Second, there’s Lazarus.  I want to follow up on this dead man walking.  Honestly, I want to poke a little fun at the chief priests who make plans to kill him, because they lack creativity.  How do they think this might end?  Perhaps with Jesus raising him from the dead… again?

But even though I could get a lot of mileage out of either of these, I found myself drawn to Judas.  Of course.  But not as I usually am.  By the end of Holy Week, I have a tendency to rile a good number of people because of the compassion that grows… for Judas.  But honestly, friends, this morning he just ticks me off.

John 12:5-6, “’Why wasn’t this perfume sold and the money given to the poor? It was worth a year’s wages.’ [says Judas] He did not say this because he cared about the poor but because he was a thief; as keeper of the money bag, he used to help himself to what was put into it” (NIV).

I don’t do too well with people who exploit the poor. 

If Judas had said, “Why wasn’t this perfume sold (for almost any other reason),” and then dipped his hand into the bag; it still would have been wrong.  If Judas’ bent toward theft had left the treasury short of the necessary funds for a new fishing pole, a night at the inn, or new carpet for the tabernacle (oh, come on…  it’s funny); it still would have been problematic.  If Judas had been straightforward and confessed that he felt the need to have more than the others, something not held in common; honesty would have caused a stir.  But Judas takes advantage of the already destitute.  And I just can’t deal… or, maybe I just can’t even…

When did the poor become our ticket to greatness?  When did we start hijacking their narratives to make ourselves look good?  I know I’m beating a dead horse, today (there’s a parallel somewhere, chief priests…), but I can’t wrap my mind around this.  Let’s be real—I would rather have people helping the poor (in legitimate ways) and taking credit for it than not helping at all.  So there’s that.  But there are also a whole lot of people who keep talking… and talking… and talking… and doing nothing.  Like Judas.  Stop talking! 

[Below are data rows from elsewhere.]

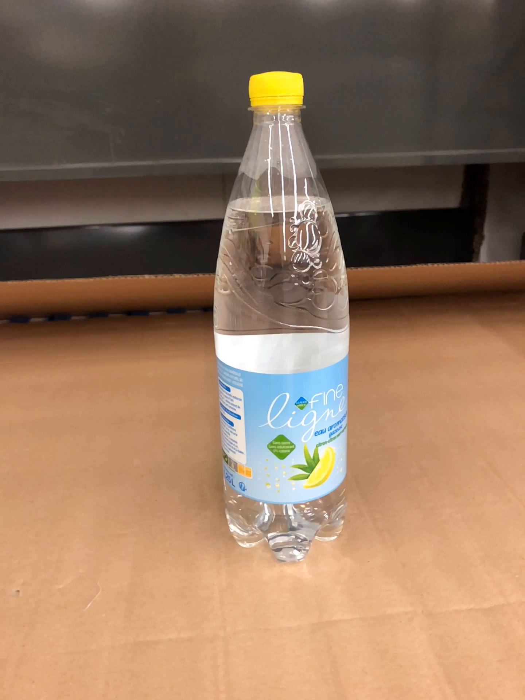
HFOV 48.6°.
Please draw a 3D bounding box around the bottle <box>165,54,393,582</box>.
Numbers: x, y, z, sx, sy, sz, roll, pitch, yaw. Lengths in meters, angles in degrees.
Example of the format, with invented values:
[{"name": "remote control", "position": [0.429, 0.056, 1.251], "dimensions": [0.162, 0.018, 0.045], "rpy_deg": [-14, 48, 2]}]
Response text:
[{"name": "bottle", "position": [0.010, -0.014, 0.354], "dimensions": [0.090, 0.289, 0.080], "rpy_deg": [-13, 24, -26]}]
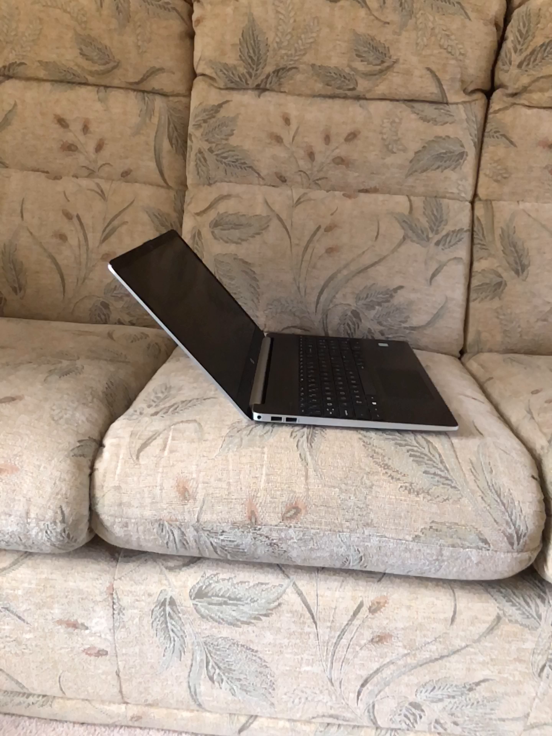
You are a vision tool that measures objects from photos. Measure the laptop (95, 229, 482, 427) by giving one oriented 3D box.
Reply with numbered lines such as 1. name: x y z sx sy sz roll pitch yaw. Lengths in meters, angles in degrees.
1. laptop: 0.018 -0.074 0.819 0.397 0.163 0.340 4 21 0
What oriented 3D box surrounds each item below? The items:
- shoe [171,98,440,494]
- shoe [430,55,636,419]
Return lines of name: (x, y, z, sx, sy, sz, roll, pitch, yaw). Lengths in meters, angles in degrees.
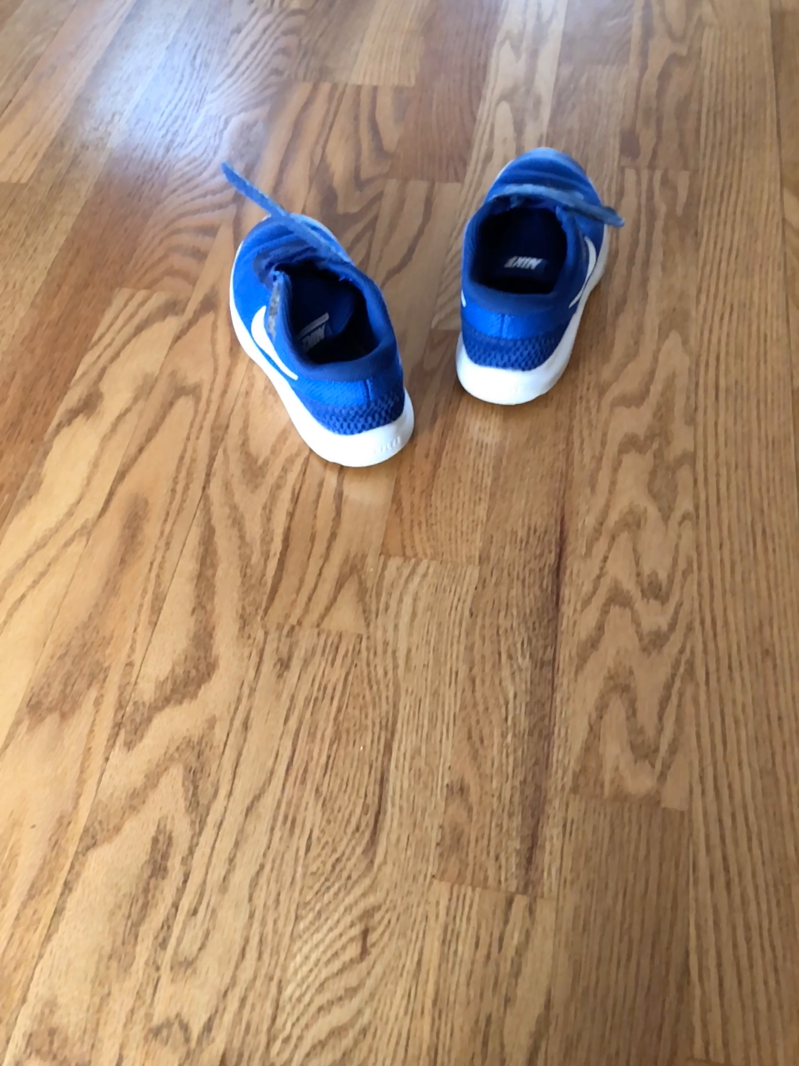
shoe: (-0.058, -0.146, 0.523, 0.093, 0.092, 0.215, -18, 59, -6)
shoe: (0.085, -0.188, 0.545, 0.093, 0.092, 0.215, 8, 59, 9)
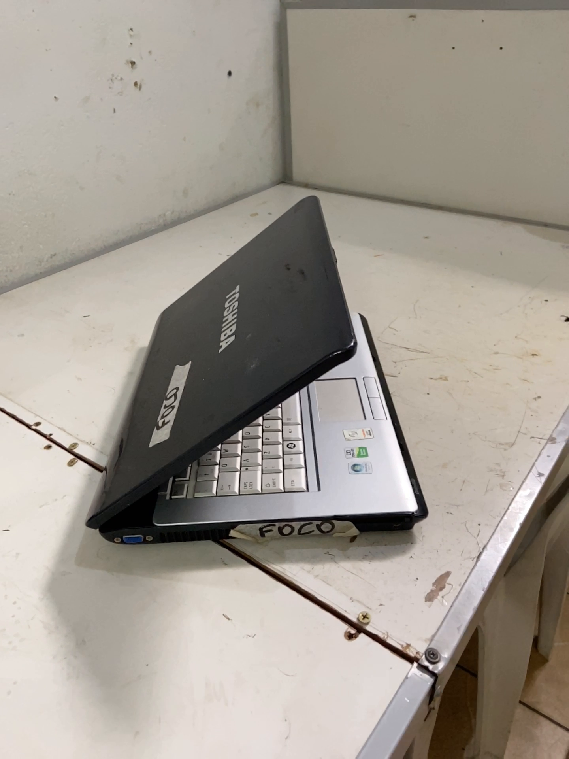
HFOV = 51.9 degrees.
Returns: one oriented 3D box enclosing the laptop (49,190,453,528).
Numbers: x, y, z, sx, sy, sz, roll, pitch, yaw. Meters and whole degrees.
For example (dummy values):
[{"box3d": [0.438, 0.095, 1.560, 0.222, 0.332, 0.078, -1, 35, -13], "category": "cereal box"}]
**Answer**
[{"box3d": [-0.024, -0.050, 0.558, 0.257, 0.152, 0.348, -3, 33, 0], "category": "laptop"}]
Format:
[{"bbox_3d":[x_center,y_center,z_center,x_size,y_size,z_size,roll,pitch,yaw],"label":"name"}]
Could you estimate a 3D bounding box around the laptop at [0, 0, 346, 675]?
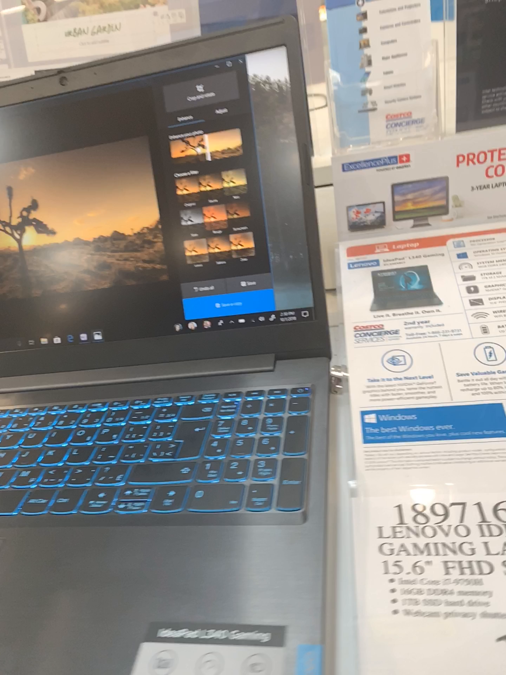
[{"bbox_3d":[-0.131,-0.025,0.297,0.340,0.214,0.330,-5,29,12],"label":"laptop"}]
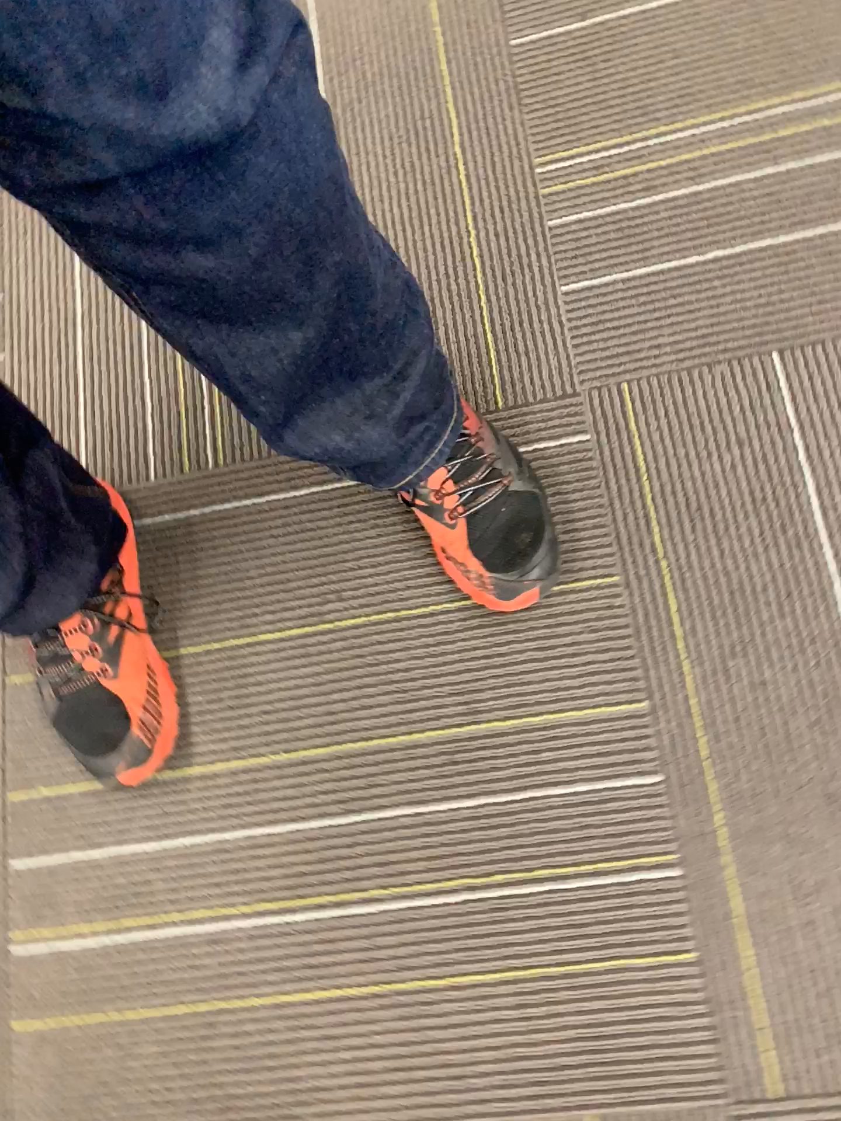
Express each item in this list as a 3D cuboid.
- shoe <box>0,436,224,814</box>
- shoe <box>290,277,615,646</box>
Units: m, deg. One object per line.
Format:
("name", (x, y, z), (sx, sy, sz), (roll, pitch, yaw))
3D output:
("shoe", (-0.312, 0.062, 0.824), (0.120, 0.120, 0.320), (-23, 73, 5))
("shoe", (0.027, -0.089, 0.774), (0.130, 0.100, 0.301), (-36, 73, 1))
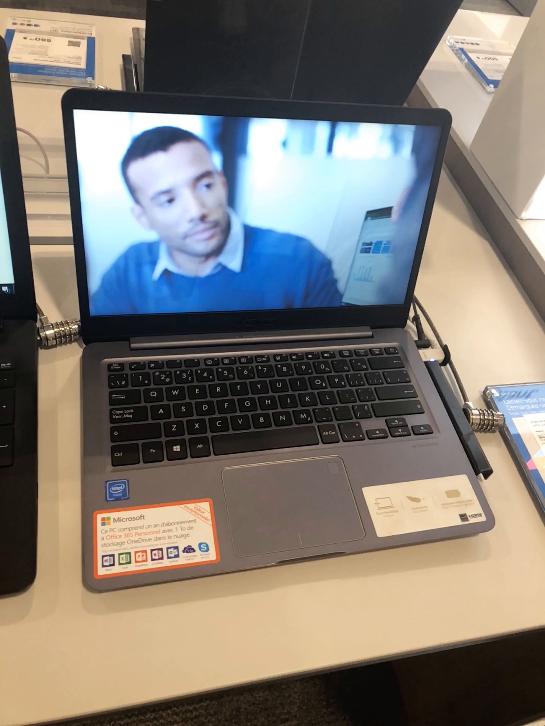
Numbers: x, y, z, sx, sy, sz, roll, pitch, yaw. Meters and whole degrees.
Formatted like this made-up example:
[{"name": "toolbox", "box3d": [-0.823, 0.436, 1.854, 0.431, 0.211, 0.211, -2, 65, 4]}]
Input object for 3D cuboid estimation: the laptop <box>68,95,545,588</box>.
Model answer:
[{"name": "laptop", "box3d": [0.017, -0.032, 0.467, 0.316, 0.196, 0.292, -4, 52, -15]}]
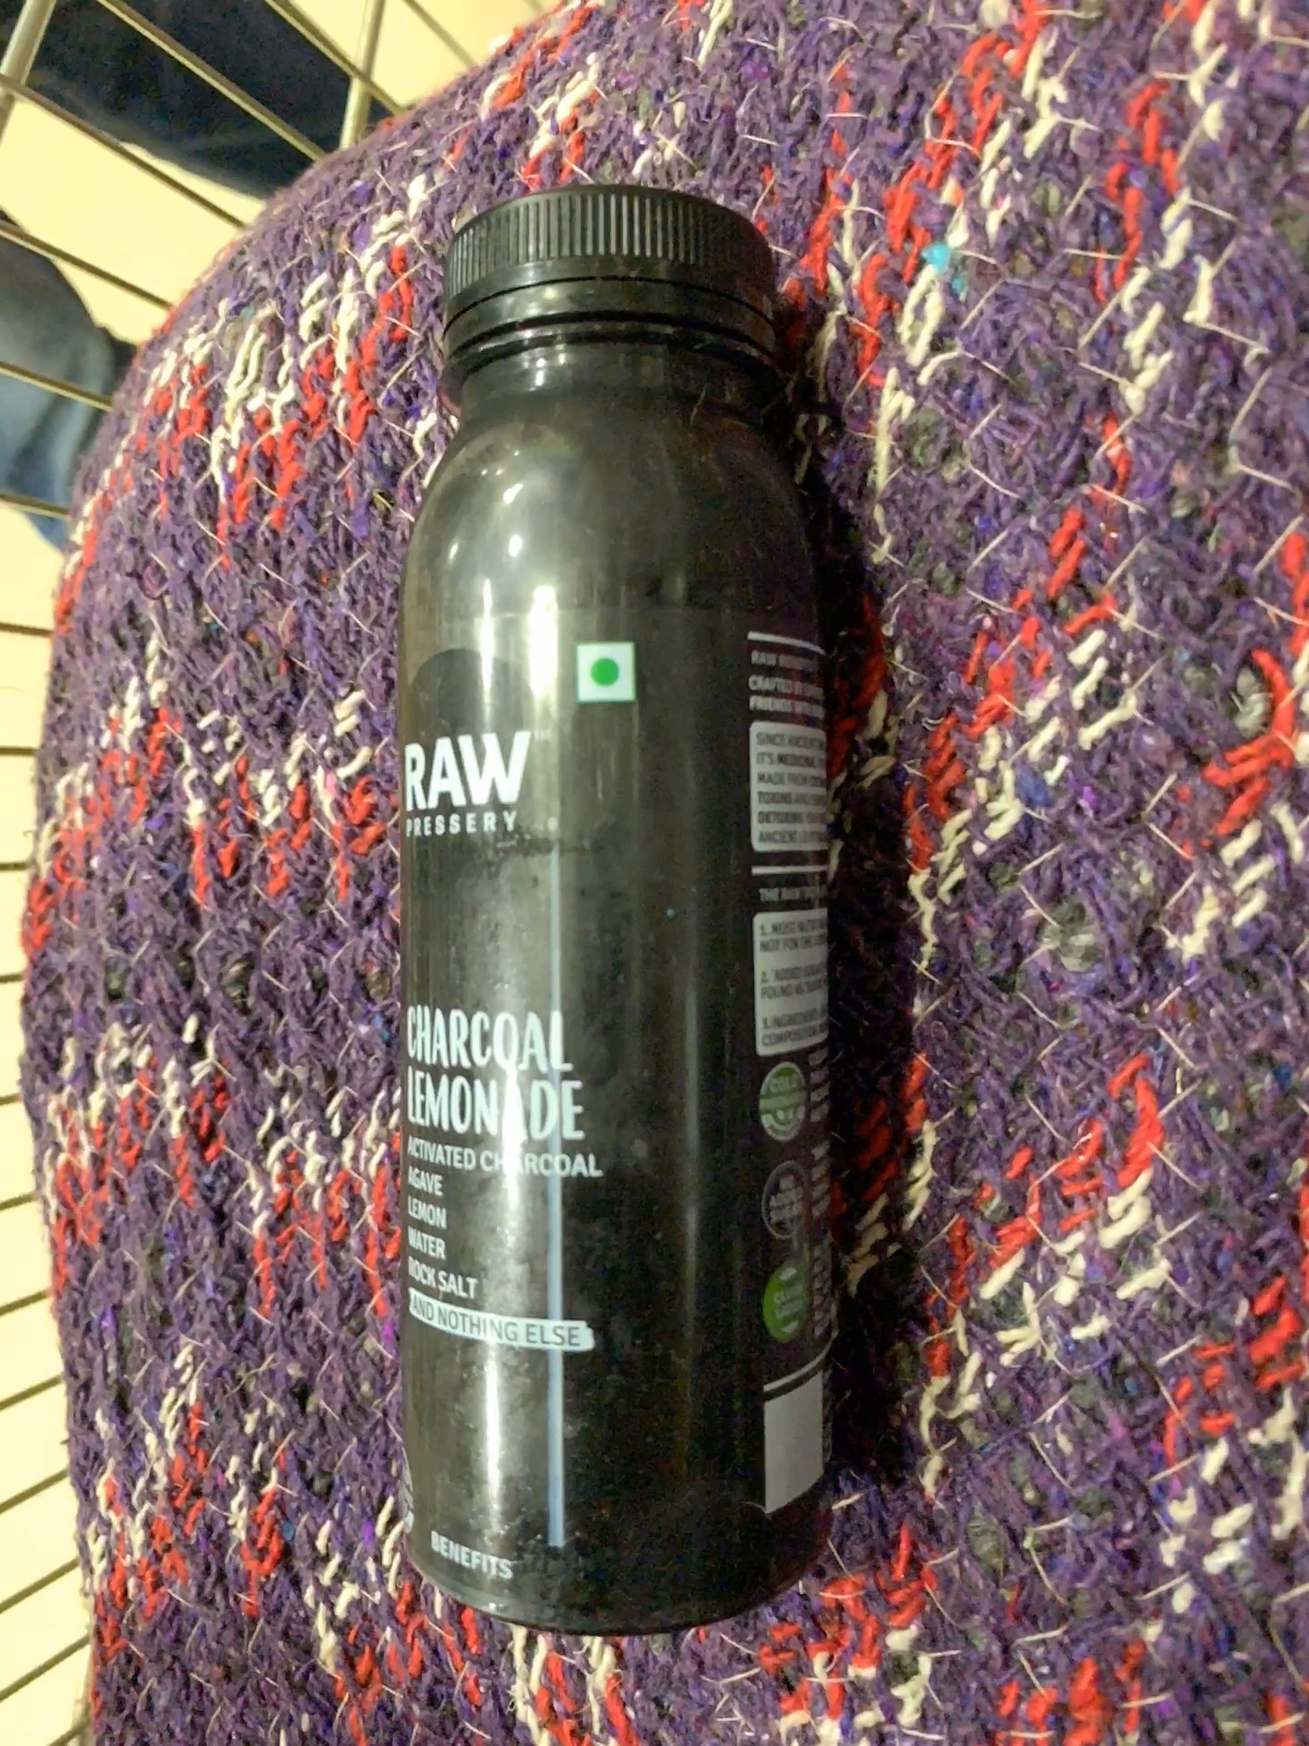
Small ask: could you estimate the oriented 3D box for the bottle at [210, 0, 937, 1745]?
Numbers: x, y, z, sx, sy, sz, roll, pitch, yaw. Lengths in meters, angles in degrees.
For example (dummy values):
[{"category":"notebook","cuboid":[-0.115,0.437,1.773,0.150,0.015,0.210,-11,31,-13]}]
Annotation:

What a terrible post for Holy Monday!

L.

Sunday, April 2, 2017

Crisis Moments Pass, but Sometimes it Stinks



Dry bones are not in crisis, but they probably were at one time or another.  I mean—they’re dead.  They’ve been dead for a long time.  Something happened that sucked the life out of them.  And then time passed.  After the breath ceased, the flesh and tendons melted away.    

By all accounts, a dead Lazarus should have been headed down the road of dry bones.  Bodies start decomposing fairly quickly after death…  OK, immediately.  Bodies start decomposing immediately.  My Google history is actually pretty disturbing, right now, but I needed to wrap my mind around this. 

When Jesus arrives in Bethany, Lazarus has been in the tomb for four days.  I think we have to assume that Lazarus’ body was not embalmed (although there were some ancient embalming possibilities).  If that assumption is correct, Lazarus’ internal organs had likely decomposed by the time Jesus arrived.  Blood and foam would have been leaking from his mouth and nose.  Bacteria would have been rampant.  And there were probably maggots.  Martha was definitely not wrong when she verified exactly what Jesus was asking and made sure to give him the information he needed. 

Roll the stone away, Lord?  It’s been four days!  This stinks!  (John 11:39, really, really paraphrased).

But Jesus—you know, Jesus who was four days late—is all like, “You know what, Martha, just trust me.  Just do it.” (I can’t even stretch that for a paraphrase.  I hope nobody gets all over me for taking creative license with Scripture.)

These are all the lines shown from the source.